» Exercise brief
Copy every entry exactly, but skip the pictures.

» Record set
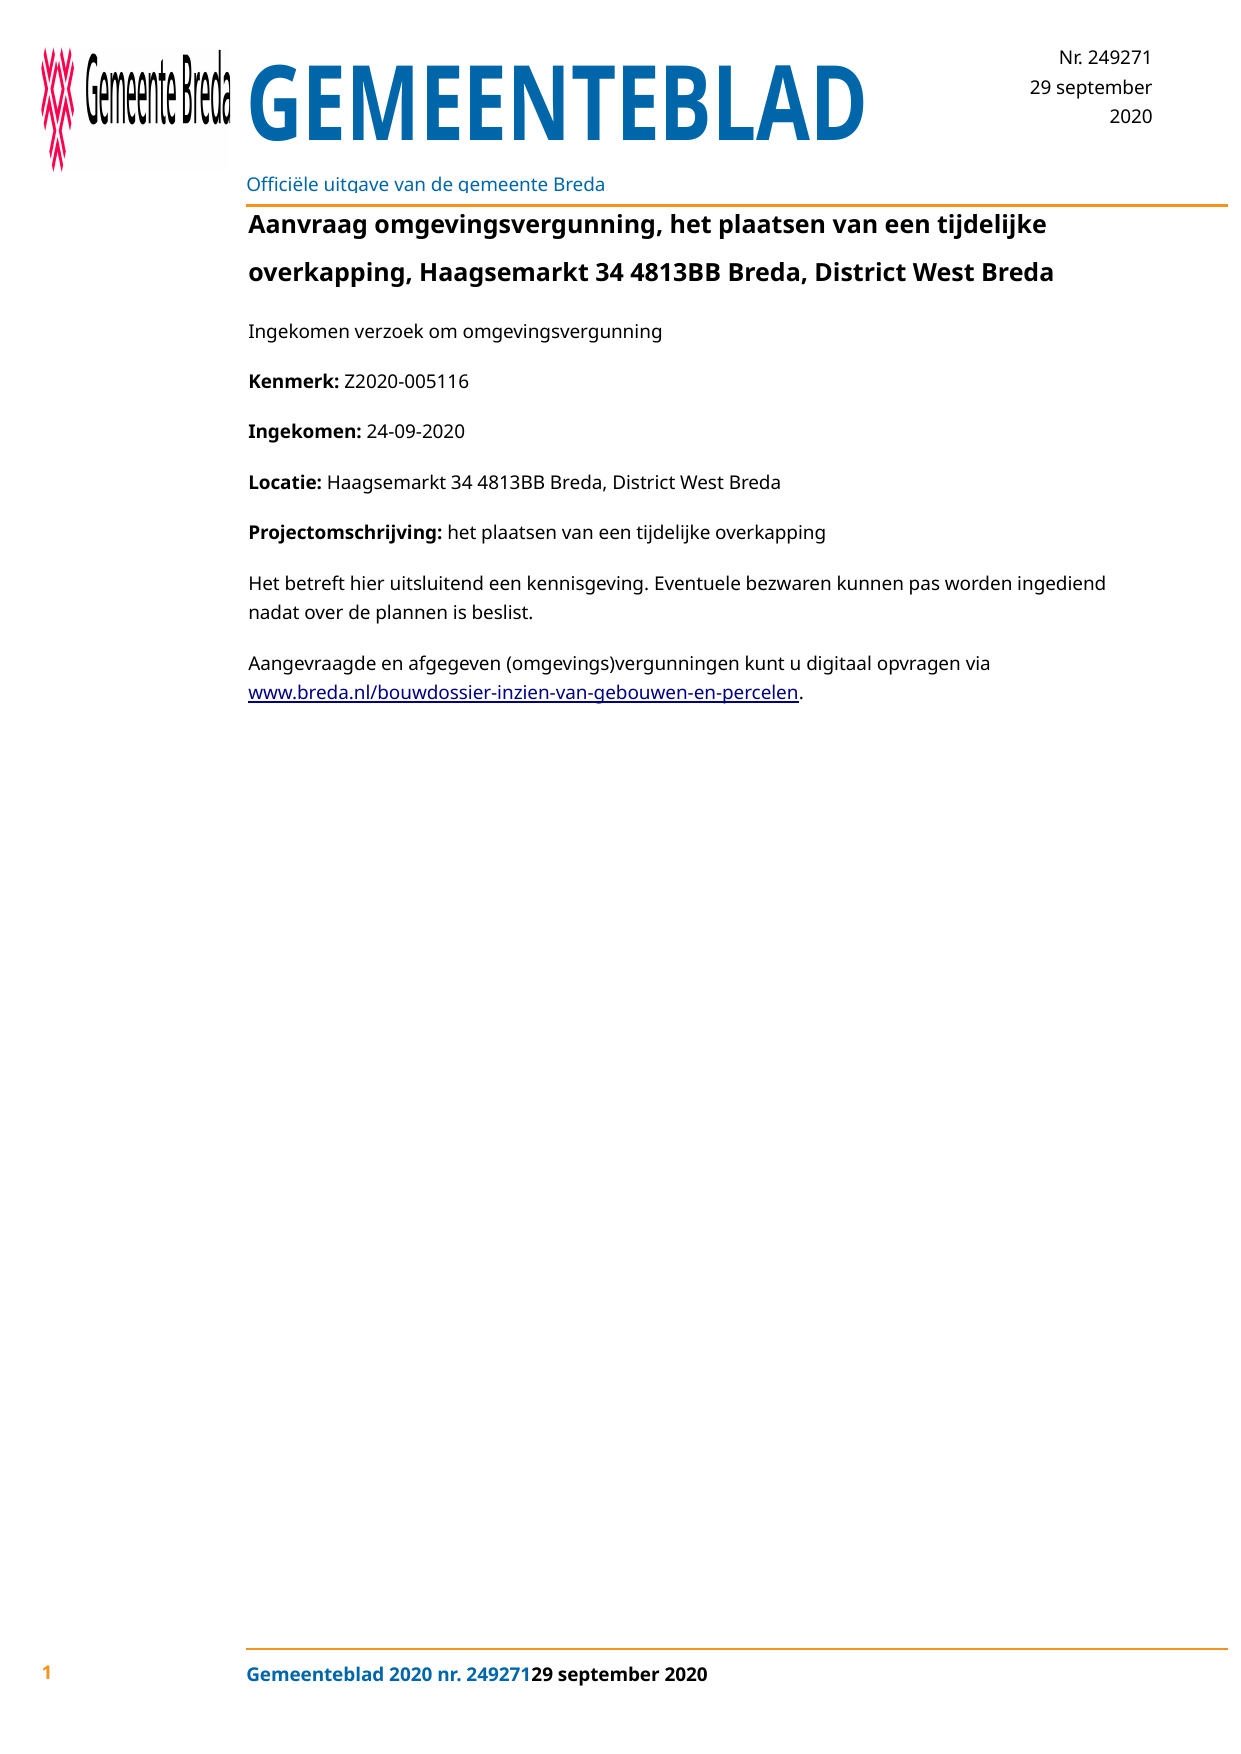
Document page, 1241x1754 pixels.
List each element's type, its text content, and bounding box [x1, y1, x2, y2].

picture [41, 47, 231, 172]
text Aangevraagde en afgegeven (omgevings)vergunningen kunt u digitaal opvragen via www.breda.nl/bouwdossier-inzien-van-gebouwen-en-percelen. [248, 650, 1152, 705]
text Projectomschrijving: het plaatsen van een tijdelijke overkapping [248, 519, 1152, 545]
text Ingekomen: 24-09-2020 [248, 419, 1152, 444]
text Het betreft hier uitsluitend een kennisgeving. Eventuele bezwaren kunnen pas worden ingediend nadat over de plannen is beslist. [248, 570, 1152, 625]
text Aanvraag omgevingsvergunning, het plaatsen van een tijdelijke overkapping, Haagsemarkt 34 4813BB Breda, District West Breda [248, 207, 1152, 288]
text Kenmerk: Z2020-005116 [248, 368, 1152, 394]
text Ingekomen verzoek om omgevingsvergunning [248, 318, 1152, 344]
text Locatie: Haagsemarkt 34 4813BB Breda, District West Breda [248, 469, 1152, 495]
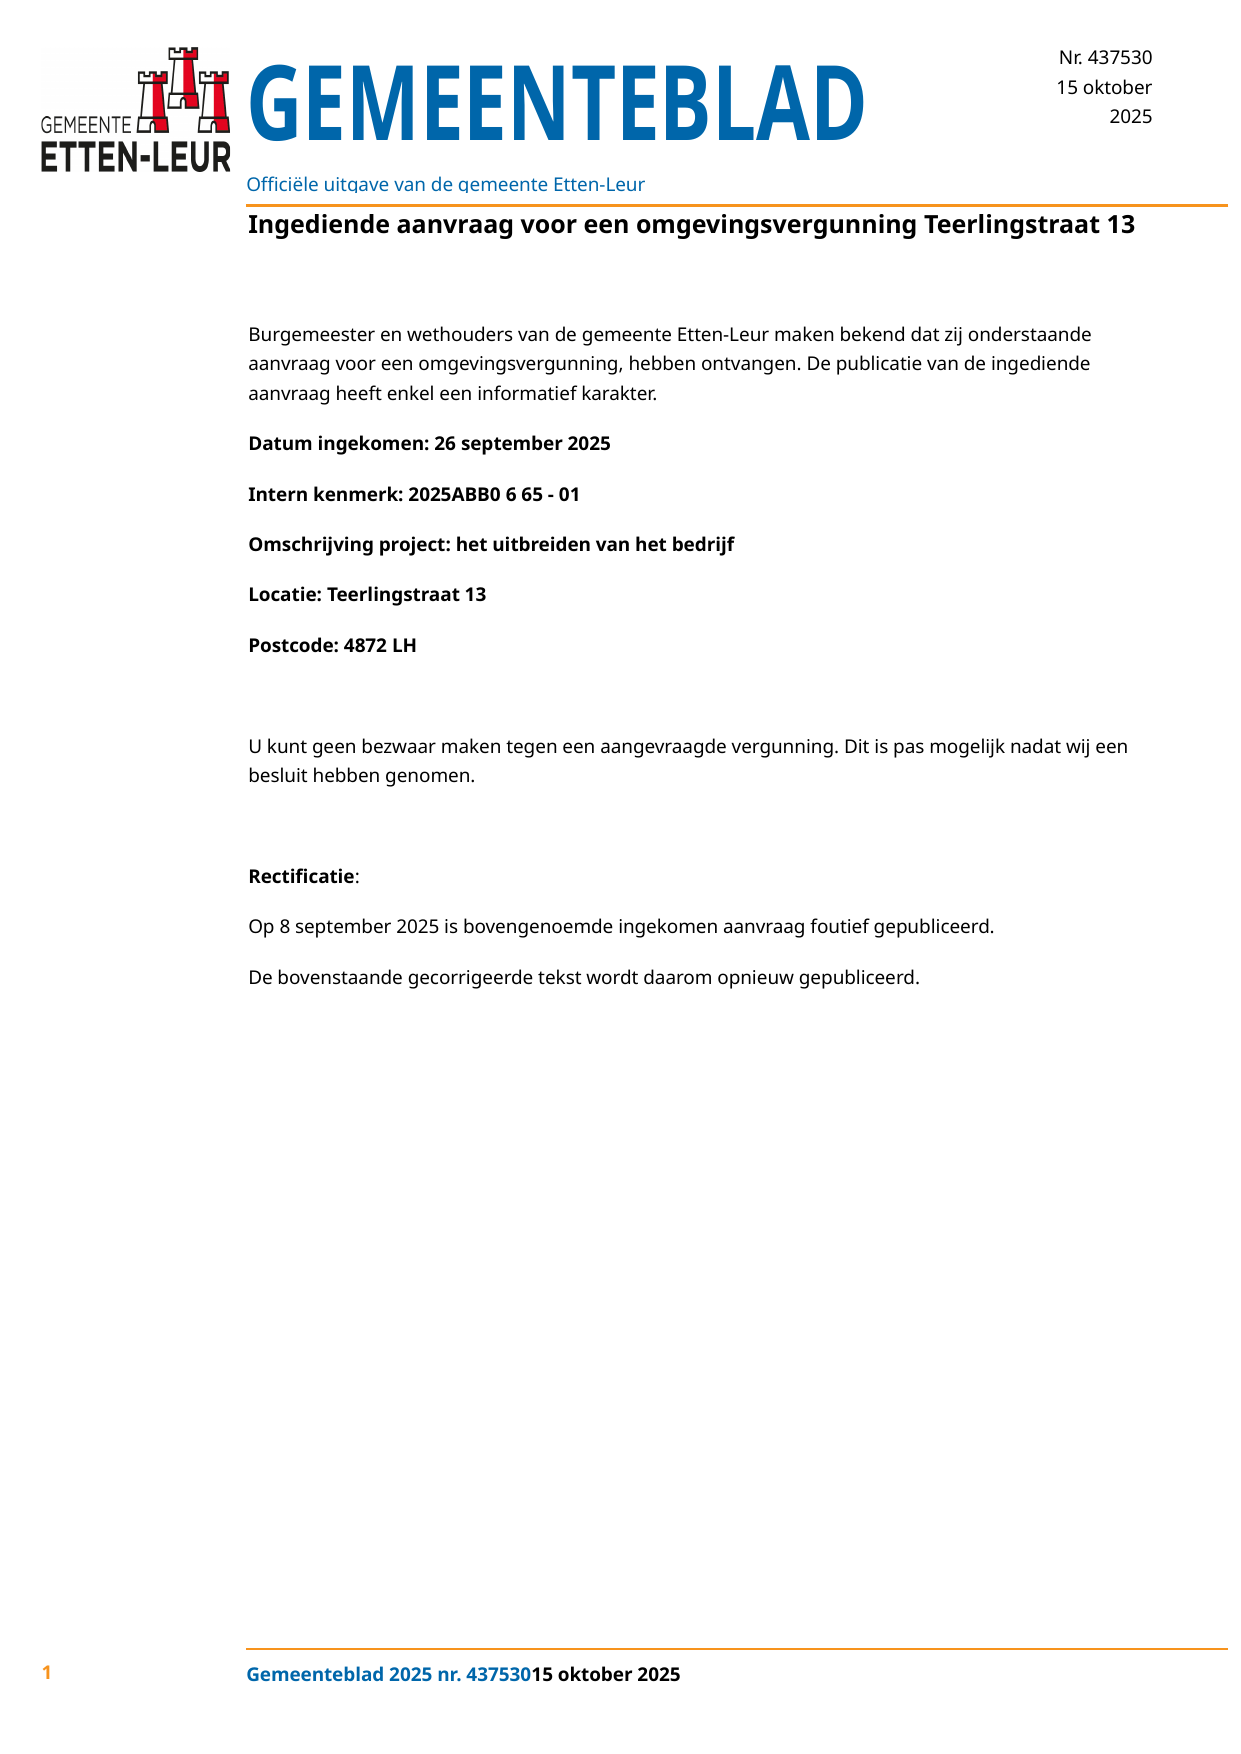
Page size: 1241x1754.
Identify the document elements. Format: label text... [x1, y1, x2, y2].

text U kunt geen bezwaar maken tegen een aangevraagde vergunning. Dit is pas mogelijk nadat wij een besluit hebben genomen. [248, 733, 1152, 788]
text Locatie: Teerlingstraat 13 [248, 582, 1152, 607]
text Ingediende aanvraag voor een omgevingsvergunning Teerlingstraat 13 [248, 207, 1152, 241]
text De bovenstaande gecorrigeerde tekst wordt daarom opnieuw gepubliceerd. [248, 964, 1152, 990]
text Rectificatie: [248, 863, 1152, 889]
text Op 8 september 2025 is bovengenoemde ingekomen aanvraag foutief gepubliceerd. [248, 914, 1152, 939]
text Postcode: 4872 LH [248, 632, 1152, 658]
text Datum ingekomen: 26 september 2025 [248, 430, 1152, 456]
text Omschrijving project: het uitbreiden van het bedrijf [248, 531, 1152, 557]
text Intern kenmerk: 2025ABB0 6 65 - 01 [248, 481, 1152, 506]
picture [41, 47, 231, 172]
text Burgemeester en wethouders van de gemeente Etten-Leur maken bekend dat zij onderstaande aanvraag voor een omgevingsvergunning, hebben ontvangen. De publicatie van de ingediende aanvraag heeft enkel een informatief karakter. [248, 321, 1152, 406]
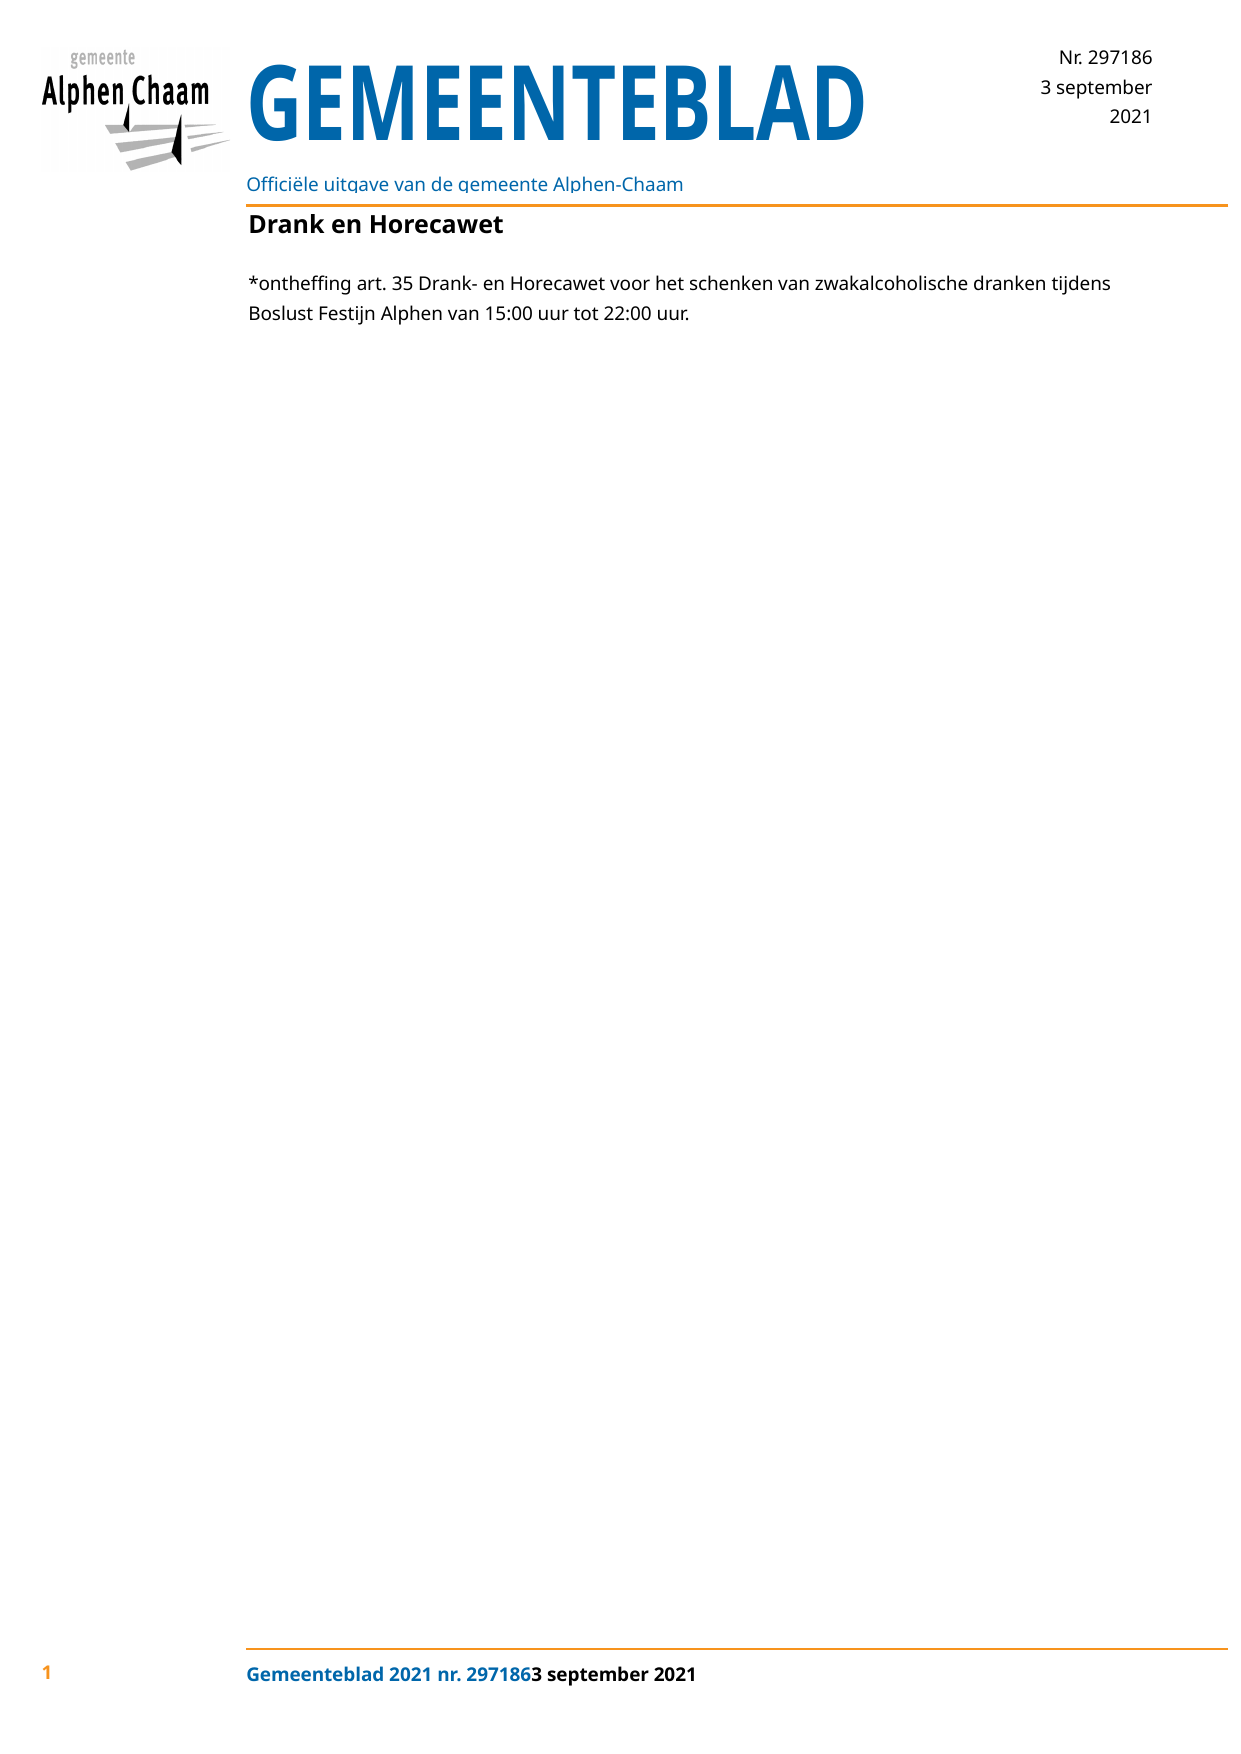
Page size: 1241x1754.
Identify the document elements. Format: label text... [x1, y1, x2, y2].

picture [41, 47, 231, 172]
text *ontheffing art. 35 Drank- en Horecawet voor het schenken van zwakalcoholische dranken tijdens Boslust Festijn Alphen van 15:00 uur tot 22:00 uur. [248, 270, 1152, 326]
text Drank en Horecawet [248, 207, 1152, 241]
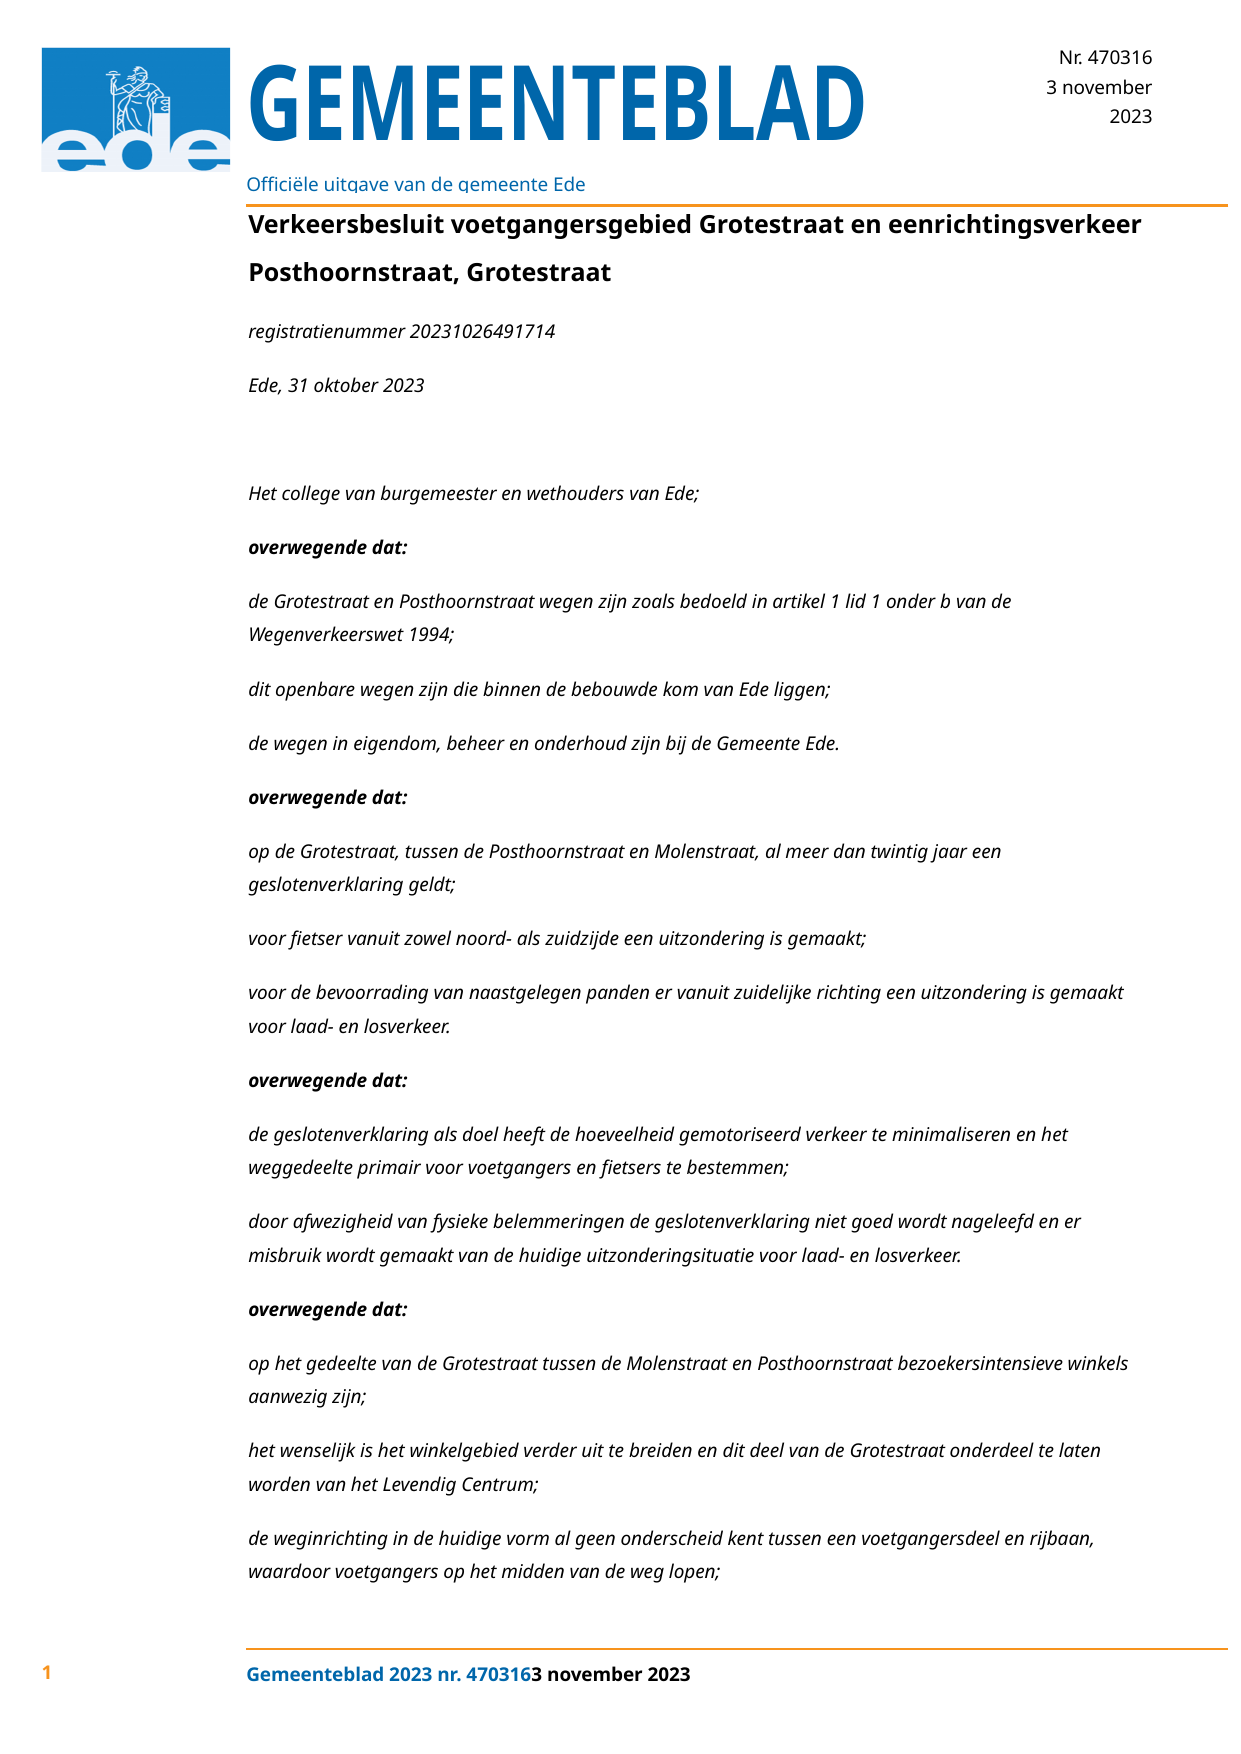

» Your response
Document page, 1241x1754 pixels.
List each element's type, its text content, and bounding box [x1, y1, x2, y2].

picture [41, 47, 231, 172]
text Aangevraagde en afgegeven (omgevings)vergunningen kunt u digitaal opvragen via www.breda.nl/bouwdossier-inzien-van-gebouwen-en-percelen. [248, 650, 1152, 705]
text Projectomschrijving: het plaatsen van een tijdelijke overkapping [248, 519, 1152, 545]
text Ingekomen: 24-09-2020 [248, 419, 1152, 444]
text Het betreft hier uitsluitend een kennisgeving. Eventuele bezwaren kunnen pas worden ingediend nadat over de plannen is beslist. [248, 570, 1152, 625]
text Aanvraag omgevingsvergunning, het plaatsen van een tijdelijke overkapping, Haagsemarkt 34 4813BB Breda, District West Breda [248, 207, 1152, 288]
text Kenmerk: Z2020-005116 [248, 368, 1152, 394]
text Ingekomen verzoek om omgevingsvergunning [248, 318, 1152, 344]
text Locatie: Haagsemarkt 34 4813BB Breda, District West Breda [248, 469, 1152, 495]
Page size: 1241x1754.
Identify the document elements. Format: label text... [x1, y1, x2, y2].

text U kunt geen bezwaar maken tegen een aangevraagde vergunning. Dit is pas mogelijk nadat wij een besluit hebben genomen. [248, 733, 1152, 788]
text Locatie: Teerlingstraat 13 [248, 582, 1152, 607]
text Ingediende aanvraag voor een omgevingsvergunning Teerlingstraat 13 [248, 207, 1152, 241]
text De bovenstaande gecorrigeerde tekst wordt daarom opnieuw gepubliceerd. [248, 964, 1152, 990]
text Rectificatie: [248, 863, 1152, 889]
text Op 8 september 2025 is bovengenoemde ingekomen aanvraag foutief gepubliceerd. [248, 914, 1152, 939]
text Postcode: 4872 LH [248, 632, 1152, 658]
text Datum ingekomen: 26 september 2025 [248, 430, 1152, 456]
text Omschrijving project: het uitbreiden van het bedrijf [248, 531, 1152, 557]
text Intern kenmerk: 2025ABB0 6 65 - 01 [248, 481, 1152, 506]
picture [41, 47, 231, 172]
text Burgemeester en wethouders van de gemeente Etten-Leur maken bekend dat zij onderstaande aanvraag voor een omgevingsvergunning, hebben ontvangen. De publicatie van de ingediende aanvraag heeft enkel een informatief karakter. [248, 321, 1152, 406]
Page size: 1241x1754.
Identify the document elements. Format: label text... [x1, y1, x2, y2].

picture [41, 47, 231, 172]
text *ontheffing art. 35 Drank- en Horecawet voor het schenken van zwakalcoholische dranken tijdens Boslust Festijn Alphen van 15:00 uur tot 22:00 uur. [248, 270, 1152, 326]
text Drank en Horecawet [248, 207, 1152, 241]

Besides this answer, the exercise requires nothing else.